If this is my last day on earth would I want to be doing this?


Let’s back up.


I planned the perfect postpartum.


I had in place all of my pillars. I stocked the fridge. Threw myself a Nesting party. I had my mom here for a whole month and my husband took off work to be with us. I was getting the home birth I so dreamed about with my first child. I had lined up a meal train. I felt so ready for the change that was coming my way.


Looking back now -that- was probably the problem. I was so ready. I had planned it all. I had everything in place.

I had failed though to see the crumbling foundation around my husband and my friend group. The third-trimester hormones worked perfectly to keep me in this bubble of -not bliss- but a lack of an ability to see outside of myself and my children.


So on my sixth day of pre-labor, I went to my husband in tears and said “You have to pull it together- I have a baby trying to come out of me and I need to feel safe”…so when even THAT didn’t tip me off for what was coming nothing would have.

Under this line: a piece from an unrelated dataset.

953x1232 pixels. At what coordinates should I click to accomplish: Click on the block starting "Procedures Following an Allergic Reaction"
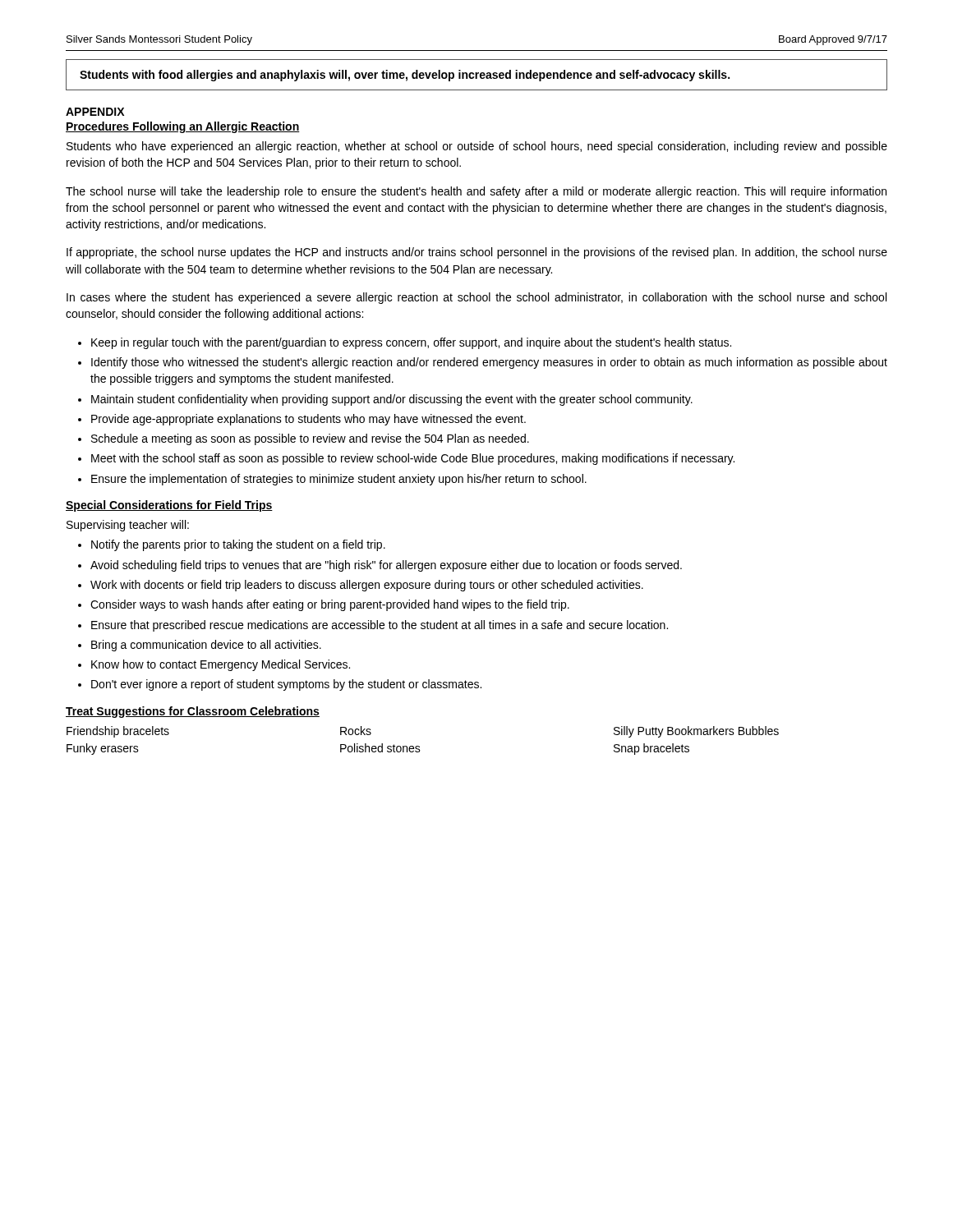(x=182, y=126)
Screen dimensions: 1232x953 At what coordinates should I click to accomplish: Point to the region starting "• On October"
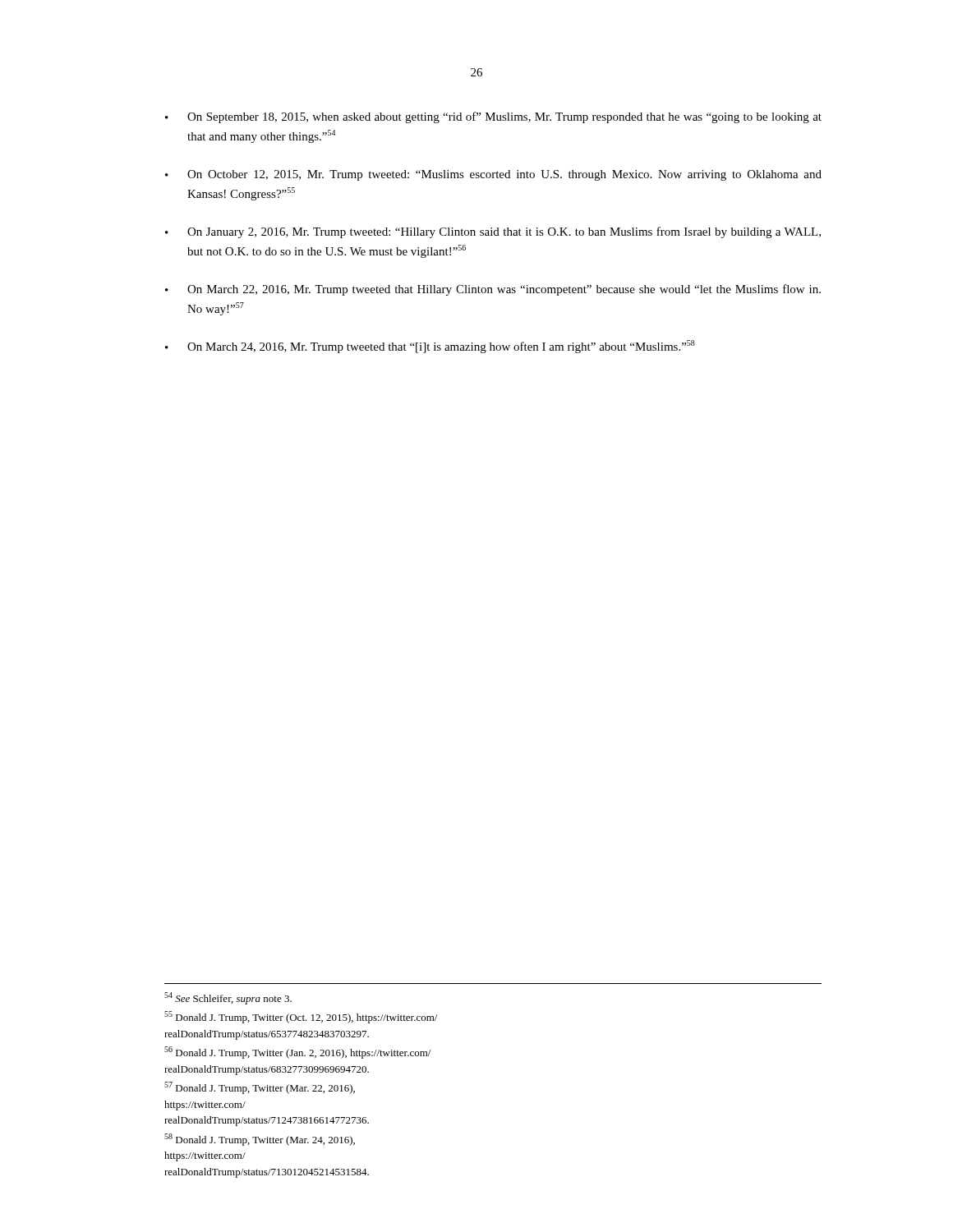[x=493, y=184]

At times I was left alone with a baby for 12 hours at a time. I didn’t leave my room though I wasn’t nourished until I directly asked. My meal train totally flopped. Until a soul sister in another country reached out to her women and THOSE women showed up for me in a way that began to fill my soul back up. And some of those women are forever etched on my heart.


And then for weeks I lived in this place in the in-between nursing wounds of abandonment while nursing a child. Feeling the fire of anger. Matched only with a feeling of joy and love I had never yet experienced. I held my baby alone after her tongue and lip surgery while she cried in pain…alone…with me. My nerves were shot.

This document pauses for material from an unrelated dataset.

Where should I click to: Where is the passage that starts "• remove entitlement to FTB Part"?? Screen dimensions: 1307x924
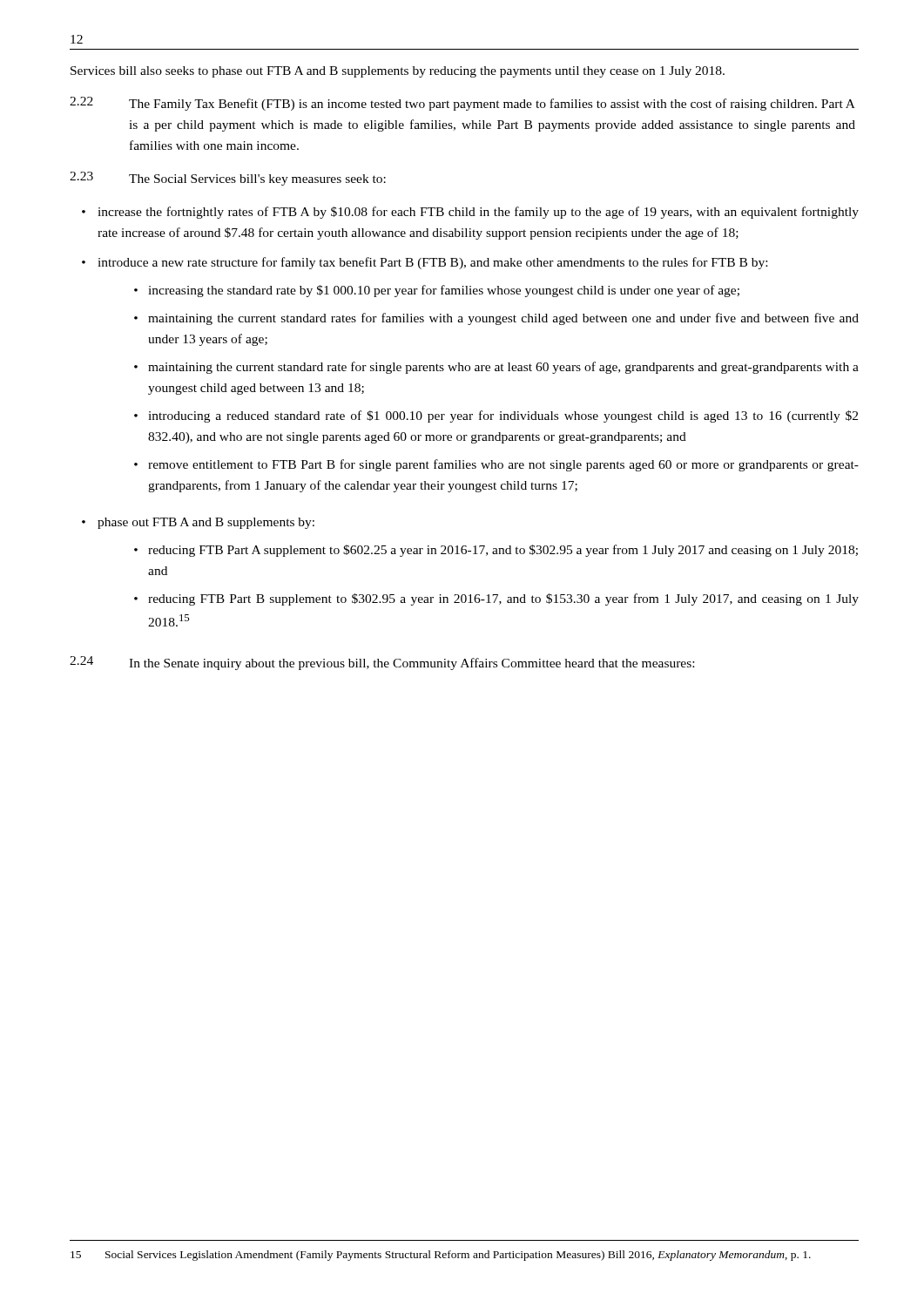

At some point, I started searching for ways to crawl myself back out of this darkness. My marriage got harder. My friendships continued to morph and dissolve or morph and just change.

Somewhere in there though I was starting to feel whole again. I read books I never thought I would read. I signed up for a big mountain race and invited/convinced (which wasn’t hard) my new bestie from the internet to join me. I decided that every day I would simply start to say Thank You. I joined a breathwork class. I sought out a new mentor. I decided I could no longer stay this version of myself that I had been trying to be.


And then in the quietest way, possible something in me shifted. I started being able to ask myself this: “If this was my last day on earth would I want to be doing this, thinking this, saying this?” And if I said no… I stopped whatever it was. I just stopped. I took a moment and I’d pivot if I could.


The practice is not perfect. Though it’s working. Today I found myself dancing with my son in the grocery store wearing the hat and shoes he picked out for me to wear… his hat by the way… and you know why? Because if it is my last day on earth I want to say YES to wearing his hat. And I most certainly want to be dancing.

Life is more both/and then I think we feel comfortable to admit. It takes courage to change and it is perfectly healthy and wise of you to change.